Post(-)colonialism, instead, generates new categories of subalterns, and if assimilated to transcultural interpretative parameters, it pervasively evades the inherent nature of the colonial encounter. Flattening those communities against a scenario that certainly does not involve all the intersections of human condition, it proves too totalising a category; in some respect, it establishes itself as a meta-narrative practice that operates through inclusion and exclusion, as a homogenising force that marshals heterogeneity into ordered domains, silencing other voices in the name of universal principles.

On the contrary, disrupting the post(-)colonial, probably a great anti-economic operation, would dismiss the colonial category as the unique historical marker through which both identities and cultural productions of ex-colonies are considered. Avoiding also to distort the inner nature of the colonial encounter by inscribing it in hybrid spaces, or in transcultural patterns, would lead not only to the formulation of an archaeology of the colonial confront, viewed in the autonomy of its epistemological instances, but also to the strengthening of an authentic genealogy of the subject. A further radical shift would concern the subject position which, no more circumscribed to the universalising cell of hybridity or entangled in the web of the colonial paradigm, would have the possibility of cultivating an autonomous and authentic construction of the self. The notion of hybridism, in fact, so as elaborated by Bhabha, embodies rather a universal category that may belong to any cross-cultural encounter; hence its substantial inadequacy to embrace the significances of the colonial cultural en-counter which is grounded, instead, on prerequisites essentially antagonist. Described by Achebe as a "system of servitude" (1992: 66), the predatory capitalistic colonial policy has overthrown the productive relations and altered the balance between the ego and the self, so that the ex-colonised identities unfold as "forced to reformulate their selves within un-recognis(ing)ed spaces rather than favoured by shared processes of cultural metissage and mutual enrichments" (Romeo, 2000). In colonial contexts, in fact, it is certainly possible, behind the mask of hybridism to unveil at least two identities, that of the hybridiser and the one of the hybridised; it is from this perspective that post(-)colonialism, far from carrying counter-discursive synergies turns out to be a colonial discourse blatantly supporting a super imperial homologating vocation.

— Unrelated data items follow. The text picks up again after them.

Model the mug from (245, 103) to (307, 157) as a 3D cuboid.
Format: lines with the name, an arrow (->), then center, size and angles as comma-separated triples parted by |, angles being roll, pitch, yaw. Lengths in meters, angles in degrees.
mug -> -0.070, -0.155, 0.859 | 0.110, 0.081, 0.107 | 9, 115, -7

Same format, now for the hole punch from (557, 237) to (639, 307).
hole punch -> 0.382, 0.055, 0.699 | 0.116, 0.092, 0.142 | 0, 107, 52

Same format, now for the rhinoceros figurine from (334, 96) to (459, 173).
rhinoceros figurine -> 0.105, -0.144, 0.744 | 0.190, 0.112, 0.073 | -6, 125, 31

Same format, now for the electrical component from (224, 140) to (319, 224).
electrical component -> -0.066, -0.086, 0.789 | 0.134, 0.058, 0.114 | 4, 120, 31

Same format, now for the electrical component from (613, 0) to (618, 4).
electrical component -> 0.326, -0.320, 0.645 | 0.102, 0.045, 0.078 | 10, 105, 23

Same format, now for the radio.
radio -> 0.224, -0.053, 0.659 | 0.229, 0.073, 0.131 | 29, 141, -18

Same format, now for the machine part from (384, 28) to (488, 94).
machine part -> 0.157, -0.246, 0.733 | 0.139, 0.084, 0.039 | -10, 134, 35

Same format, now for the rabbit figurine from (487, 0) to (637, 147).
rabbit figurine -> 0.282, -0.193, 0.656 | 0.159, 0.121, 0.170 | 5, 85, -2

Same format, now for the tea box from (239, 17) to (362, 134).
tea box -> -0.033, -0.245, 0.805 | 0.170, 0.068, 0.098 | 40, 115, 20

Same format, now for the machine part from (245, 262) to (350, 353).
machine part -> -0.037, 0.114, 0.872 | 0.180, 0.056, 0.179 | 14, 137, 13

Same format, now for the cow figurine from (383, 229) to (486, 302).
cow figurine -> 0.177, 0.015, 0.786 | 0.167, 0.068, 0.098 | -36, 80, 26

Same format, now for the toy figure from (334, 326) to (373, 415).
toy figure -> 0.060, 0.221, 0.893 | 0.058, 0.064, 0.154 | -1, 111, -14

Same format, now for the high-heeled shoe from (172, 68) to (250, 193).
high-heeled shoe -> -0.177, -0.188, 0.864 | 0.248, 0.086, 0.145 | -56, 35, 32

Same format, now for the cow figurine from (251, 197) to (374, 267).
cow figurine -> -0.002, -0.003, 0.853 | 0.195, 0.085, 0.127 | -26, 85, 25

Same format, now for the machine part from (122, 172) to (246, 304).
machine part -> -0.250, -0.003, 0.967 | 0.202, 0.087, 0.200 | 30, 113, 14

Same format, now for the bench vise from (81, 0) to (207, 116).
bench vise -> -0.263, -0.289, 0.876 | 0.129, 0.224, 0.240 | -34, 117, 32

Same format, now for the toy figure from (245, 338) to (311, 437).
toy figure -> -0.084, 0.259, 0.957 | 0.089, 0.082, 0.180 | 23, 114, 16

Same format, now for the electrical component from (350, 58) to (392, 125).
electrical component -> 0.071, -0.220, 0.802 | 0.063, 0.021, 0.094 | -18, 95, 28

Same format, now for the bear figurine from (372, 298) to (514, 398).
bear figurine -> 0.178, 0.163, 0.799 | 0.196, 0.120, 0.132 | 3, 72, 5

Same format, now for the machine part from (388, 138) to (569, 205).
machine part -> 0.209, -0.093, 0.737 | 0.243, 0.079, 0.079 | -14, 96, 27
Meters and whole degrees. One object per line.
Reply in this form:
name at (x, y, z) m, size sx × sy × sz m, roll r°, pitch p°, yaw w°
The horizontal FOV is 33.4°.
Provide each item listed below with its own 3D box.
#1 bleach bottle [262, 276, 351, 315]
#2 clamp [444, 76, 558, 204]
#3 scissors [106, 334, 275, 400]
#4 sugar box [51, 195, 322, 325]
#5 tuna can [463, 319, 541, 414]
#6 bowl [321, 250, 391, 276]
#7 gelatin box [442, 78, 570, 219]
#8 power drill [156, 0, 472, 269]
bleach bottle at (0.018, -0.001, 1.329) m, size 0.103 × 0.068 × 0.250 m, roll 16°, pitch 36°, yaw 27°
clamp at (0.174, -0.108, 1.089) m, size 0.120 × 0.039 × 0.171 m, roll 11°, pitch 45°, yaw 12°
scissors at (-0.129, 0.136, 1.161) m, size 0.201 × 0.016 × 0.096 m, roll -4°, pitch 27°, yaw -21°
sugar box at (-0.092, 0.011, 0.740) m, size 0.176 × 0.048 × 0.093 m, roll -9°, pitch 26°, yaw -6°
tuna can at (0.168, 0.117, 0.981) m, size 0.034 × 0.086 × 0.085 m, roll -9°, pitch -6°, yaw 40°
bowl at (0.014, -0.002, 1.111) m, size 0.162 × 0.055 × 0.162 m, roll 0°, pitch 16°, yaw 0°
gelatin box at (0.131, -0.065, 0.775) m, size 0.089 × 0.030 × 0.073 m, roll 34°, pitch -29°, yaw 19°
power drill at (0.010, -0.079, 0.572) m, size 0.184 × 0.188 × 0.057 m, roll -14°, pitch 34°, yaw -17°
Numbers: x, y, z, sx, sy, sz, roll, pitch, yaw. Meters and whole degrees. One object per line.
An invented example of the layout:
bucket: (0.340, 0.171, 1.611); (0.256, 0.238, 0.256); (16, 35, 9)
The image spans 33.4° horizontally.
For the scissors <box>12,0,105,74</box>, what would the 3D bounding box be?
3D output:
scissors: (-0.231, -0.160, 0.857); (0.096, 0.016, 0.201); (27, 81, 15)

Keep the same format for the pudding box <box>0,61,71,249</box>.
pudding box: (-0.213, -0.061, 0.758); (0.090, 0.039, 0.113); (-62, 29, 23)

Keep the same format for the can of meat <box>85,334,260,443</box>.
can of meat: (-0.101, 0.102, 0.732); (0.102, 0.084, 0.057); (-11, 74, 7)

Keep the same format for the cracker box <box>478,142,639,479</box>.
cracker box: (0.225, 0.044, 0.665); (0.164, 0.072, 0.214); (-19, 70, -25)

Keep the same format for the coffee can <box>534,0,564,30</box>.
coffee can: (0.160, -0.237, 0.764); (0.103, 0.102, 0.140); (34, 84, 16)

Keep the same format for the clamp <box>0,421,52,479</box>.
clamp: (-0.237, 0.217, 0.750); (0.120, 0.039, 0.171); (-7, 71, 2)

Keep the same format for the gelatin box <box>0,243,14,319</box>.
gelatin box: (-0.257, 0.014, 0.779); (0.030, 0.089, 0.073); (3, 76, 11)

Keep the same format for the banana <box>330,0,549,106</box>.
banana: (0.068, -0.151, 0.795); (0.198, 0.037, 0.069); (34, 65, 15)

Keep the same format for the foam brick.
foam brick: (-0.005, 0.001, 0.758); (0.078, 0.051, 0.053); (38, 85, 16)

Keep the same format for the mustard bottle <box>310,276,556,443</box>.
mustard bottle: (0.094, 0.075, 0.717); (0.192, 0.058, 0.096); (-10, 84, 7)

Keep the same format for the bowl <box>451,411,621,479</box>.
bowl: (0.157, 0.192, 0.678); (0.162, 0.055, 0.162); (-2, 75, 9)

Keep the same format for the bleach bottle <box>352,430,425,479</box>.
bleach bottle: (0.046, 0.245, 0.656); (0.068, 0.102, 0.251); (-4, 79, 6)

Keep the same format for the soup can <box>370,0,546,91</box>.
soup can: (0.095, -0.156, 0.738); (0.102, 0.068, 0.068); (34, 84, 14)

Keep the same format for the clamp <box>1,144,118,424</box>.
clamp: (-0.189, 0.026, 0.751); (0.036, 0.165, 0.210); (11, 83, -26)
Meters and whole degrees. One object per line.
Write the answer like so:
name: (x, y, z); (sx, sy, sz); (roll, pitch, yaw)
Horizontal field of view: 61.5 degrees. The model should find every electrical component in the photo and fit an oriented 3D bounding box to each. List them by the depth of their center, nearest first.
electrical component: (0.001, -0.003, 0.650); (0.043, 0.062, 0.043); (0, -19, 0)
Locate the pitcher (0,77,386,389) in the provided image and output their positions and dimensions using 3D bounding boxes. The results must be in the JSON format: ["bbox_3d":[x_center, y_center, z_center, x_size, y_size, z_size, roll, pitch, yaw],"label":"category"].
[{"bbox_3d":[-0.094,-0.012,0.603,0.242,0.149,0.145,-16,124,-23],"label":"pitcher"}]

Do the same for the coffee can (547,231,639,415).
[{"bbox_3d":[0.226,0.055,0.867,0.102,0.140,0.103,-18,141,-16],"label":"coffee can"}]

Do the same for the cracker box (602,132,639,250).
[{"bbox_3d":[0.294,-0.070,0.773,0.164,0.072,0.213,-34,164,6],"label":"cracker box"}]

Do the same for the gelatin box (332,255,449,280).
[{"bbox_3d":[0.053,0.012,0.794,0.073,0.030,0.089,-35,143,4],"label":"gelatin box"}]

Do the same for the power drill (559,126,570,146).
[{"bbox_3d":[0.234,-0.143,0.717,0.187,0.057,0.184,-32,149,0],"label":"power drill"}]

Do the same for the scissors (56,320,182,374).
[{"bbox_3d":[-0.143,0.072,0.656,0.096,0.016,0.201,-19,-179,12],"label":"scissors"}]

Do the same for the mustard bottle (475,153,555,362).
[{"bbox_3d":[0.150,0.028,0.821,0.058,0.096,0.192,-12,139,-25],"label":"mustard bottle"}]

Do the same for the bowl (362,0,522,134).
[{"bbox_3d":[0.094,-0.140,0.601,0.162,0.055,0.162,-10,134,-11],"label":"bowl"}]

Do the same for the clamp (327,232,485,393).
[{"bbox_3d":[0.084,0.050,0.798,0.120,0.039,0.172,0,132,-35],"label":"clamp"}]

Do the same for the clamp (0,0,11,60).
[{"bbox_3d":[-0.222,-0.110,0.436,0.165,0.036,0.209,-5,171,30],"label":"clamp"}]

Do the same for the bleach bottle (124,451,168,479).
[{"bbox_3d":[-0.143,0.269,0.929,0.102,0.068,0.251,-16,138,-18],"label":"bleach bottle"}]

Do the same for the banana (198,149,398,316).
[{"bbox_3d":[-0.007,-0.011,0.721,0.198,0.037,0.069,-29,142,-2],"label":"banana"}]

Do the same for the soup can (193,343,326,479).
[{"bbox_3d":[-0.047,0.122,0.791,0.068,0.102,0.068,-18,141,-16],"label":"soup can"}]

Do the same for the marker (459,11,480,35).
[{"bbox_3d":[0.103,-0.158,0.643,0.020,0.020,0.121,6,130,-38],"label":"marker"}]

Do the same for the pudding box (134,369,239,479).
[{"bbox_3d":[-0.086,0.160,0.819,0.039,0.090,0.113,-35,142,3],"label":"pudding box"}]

"Without a renewed will to intervene in the unacceptable, we face the prospect of being becalmed in a hystorically empty space in which our sole direction is found by gazing back spellbound at the epoch behind us, in a perpetual present marked only as 'post'". -- Anne McClintock (1995: 396)

The promotion of the encouraging global parameter, the theorization of the post-national category, and a prevailing preoccupation with indiscriminate trans-modes of identification epitomize the very profound neocolonial root of the postcolonial paradigm. As Hall explains,

In this post-colonial moment, these transverse, transnational, transcultural movements, which were always inscribed in the history of colonisation, but carefully overwritten by more binary forms of narrativisation, have emerged in new forms to disrupt the settled relations of domination and resistance inscribed in other ways of living and telling these stories. [1996: 251]

For all these reaosns a secession from the postcolonial becomes fundamental.

Indeed, the agenda Hall describes patronizes what Chrisman and Phillips define as "the metropolitan postcolonial theoretical industry" that forges a normative un-differentiated post(-)colonial identity. Such a post(-)colonial identity reinforces the socio-economic status quo by evading concepts such as Super Imperialism, economic and social inequality, intrinsic self-formation, consensus and response, national and popular culture. Underlining the pregnance of "the rule of colonial difference" grounded, as Chatterjee observes (1993: 10), on the power of the metropolis over its subject peoples, colonisation should be approached as "one of the points of intersection in history rather than as a moment of origin" (Romeo, 2000); what the linear conceptualisation inscribed in the very notion of the post(-)colonial doesn't allow, giving colonisation the role of originator and identifying it as the unique historical and epistemological marker. Also from this perspective, post(-)colonialism(s) arise as a renewed endeavour to further fossilise ex-colonies' cultures and subjects functioning in them. An effort to preserve, through the power of language, the Western production and codification of knowledge about non-metropolitan areas and cultures, rather than the attempt, as suggested by Hulme (1995), to disengage discourse from the "colonial syndrome" through a pure "descriptive word".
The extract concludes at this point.